Totally inspired by this little find, I looked for other ways to lighten up. Over the years, I must have accumulated 15 or so bus-driven, 2.5-inch auxiliary hard drives. They’re small and they work well as backups to the laptop, but the smaller netbooks don’t put out enough power through their USB ports to run them, so I’d have to take along separate power sources for the drives. There goes the size/weight advantage. But maybe, I thought, there’s something smaller. Enter the 1.8-inch hard drives.
These mini-drives are becoming more popular, and I found a couple of 120 GB USB drives that drew enough from the Acer’s USB port to run. They’re tiny—about half the size and weight of a typical 2.5-inch drive. My computer bag is now half its usual size and weight.

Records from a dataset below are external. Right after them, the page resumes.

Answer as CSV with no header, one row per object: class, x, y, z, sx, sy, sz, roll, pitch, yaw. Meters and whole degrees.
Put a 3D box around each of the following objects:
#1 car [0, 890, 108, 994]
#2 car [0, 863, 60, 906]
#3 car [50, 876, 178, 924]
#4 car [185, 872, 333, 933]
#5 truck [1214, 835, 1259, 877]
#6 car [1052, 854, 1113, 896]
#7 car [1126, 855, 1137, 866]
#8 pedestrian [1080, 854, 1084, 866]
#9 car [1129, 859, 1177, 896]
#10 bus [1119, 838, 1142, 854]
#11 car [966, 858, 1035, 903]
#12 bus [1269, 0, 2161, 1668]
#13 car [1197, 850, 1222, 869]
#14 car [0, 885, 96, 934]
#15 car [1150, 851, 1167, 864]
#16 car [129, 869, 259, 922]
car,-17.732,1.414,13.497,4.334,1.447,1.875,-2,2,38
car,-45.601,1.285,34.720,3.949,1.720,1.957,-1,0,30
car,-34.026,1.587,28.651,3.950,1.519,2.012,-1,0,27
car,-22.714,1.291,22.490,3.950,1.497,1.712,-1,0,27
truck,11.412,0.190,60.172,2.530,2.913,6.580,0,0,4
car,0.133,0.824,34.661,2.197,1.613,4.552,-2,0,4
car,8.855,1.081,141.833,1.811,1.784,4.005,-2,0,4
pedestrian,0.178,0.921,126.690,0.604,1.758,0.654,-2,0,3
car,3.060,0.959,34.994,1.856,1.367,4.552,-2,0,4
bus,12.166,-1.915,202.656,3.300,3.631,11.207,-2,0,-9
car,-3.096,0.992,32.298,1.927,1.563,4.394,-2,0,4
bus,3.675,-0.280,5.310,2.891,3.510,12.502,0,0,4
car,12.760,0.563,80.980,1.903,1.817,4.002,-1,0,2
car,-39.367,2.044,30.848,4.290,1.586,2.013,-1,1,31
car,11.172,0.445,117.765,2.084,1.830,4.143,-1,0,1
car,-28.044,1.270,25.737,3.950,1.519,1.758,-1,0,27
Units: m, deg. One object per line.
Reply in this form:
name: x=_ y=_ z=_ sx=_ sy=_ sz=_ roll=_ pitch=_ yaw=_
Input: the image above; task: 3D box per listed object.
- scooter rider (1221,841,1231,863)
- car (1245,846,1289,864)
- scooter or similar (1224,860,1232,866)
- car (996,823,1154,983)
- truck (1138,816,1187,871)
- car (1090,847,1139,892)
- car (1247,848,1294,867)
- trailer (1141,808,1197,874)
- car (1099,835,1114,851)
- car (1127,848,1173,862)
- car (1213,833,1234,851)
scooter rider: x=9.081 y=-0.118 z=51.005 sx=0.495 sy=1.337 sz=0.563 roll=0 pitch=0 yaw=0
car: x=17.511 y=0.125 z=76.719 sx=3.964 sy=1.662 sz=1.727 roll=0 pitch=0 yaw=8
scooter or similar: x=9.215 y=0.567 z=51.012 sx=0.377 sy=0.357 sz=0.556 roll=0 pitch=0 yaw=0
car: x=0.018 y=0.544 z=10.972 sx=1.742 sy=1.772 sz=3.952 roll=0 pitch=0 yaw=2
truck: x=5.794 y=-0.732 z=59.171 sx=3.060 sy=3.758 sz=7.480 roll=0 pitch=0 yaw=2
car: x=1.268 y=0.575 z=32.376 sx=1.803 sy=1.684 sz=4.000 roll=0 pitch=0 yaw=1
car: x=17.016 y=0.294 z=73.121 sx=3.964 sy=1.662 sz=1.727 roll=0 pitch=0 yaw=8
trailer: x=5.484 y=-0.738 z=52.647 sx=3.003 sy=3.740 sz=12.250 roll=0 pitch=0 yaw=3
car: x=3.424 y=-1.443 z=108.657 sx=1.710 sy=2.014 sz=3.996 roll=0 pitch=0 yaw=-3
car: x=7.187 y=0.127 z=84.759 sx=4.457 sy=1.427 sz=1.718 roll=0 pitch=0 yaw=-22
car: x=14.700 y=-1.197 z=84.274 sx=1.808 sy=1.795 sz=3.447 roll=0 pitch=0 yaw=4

Clothes Don’t Make The Man. With my camera and computer bags at half size, it was time to look at my wardrobe. Thanks to microfibers, Supplex nylon and other high-tech fabrics, I lightened my clothing load years ago. I can take a few pair each of easy-wash, quick-drying pants, underwear, shirts and a photo vest and be gone for months, just washing them out in the sink or shower every other night and having them dry in the morning. My entire outfit can fit into a two-gallon Ziploc® bag and my toiletries into a one-gallon bag! So there’s nothing much I can do to go much lighter.
The Final Frontier. Don’t get me wrong, I’m not going to give up my ƒ/2.8 Nikkors, D300s and MacBooks anytime soon. They’re still the “first string,” the starting five, the go-to guys in my little photo arsenal. But having the smaller stuff as a backup for those times when every ounce counts—and those times seem to be coming up more and more lately—is a great comfort.
Of course, there’s one other way I could lighten my load. Even a cursory look in the mirror tells me that dropping 20 or 30 pounds of me would be another great idea. But that’s going to be a long, hard-fought battle and a column for another day!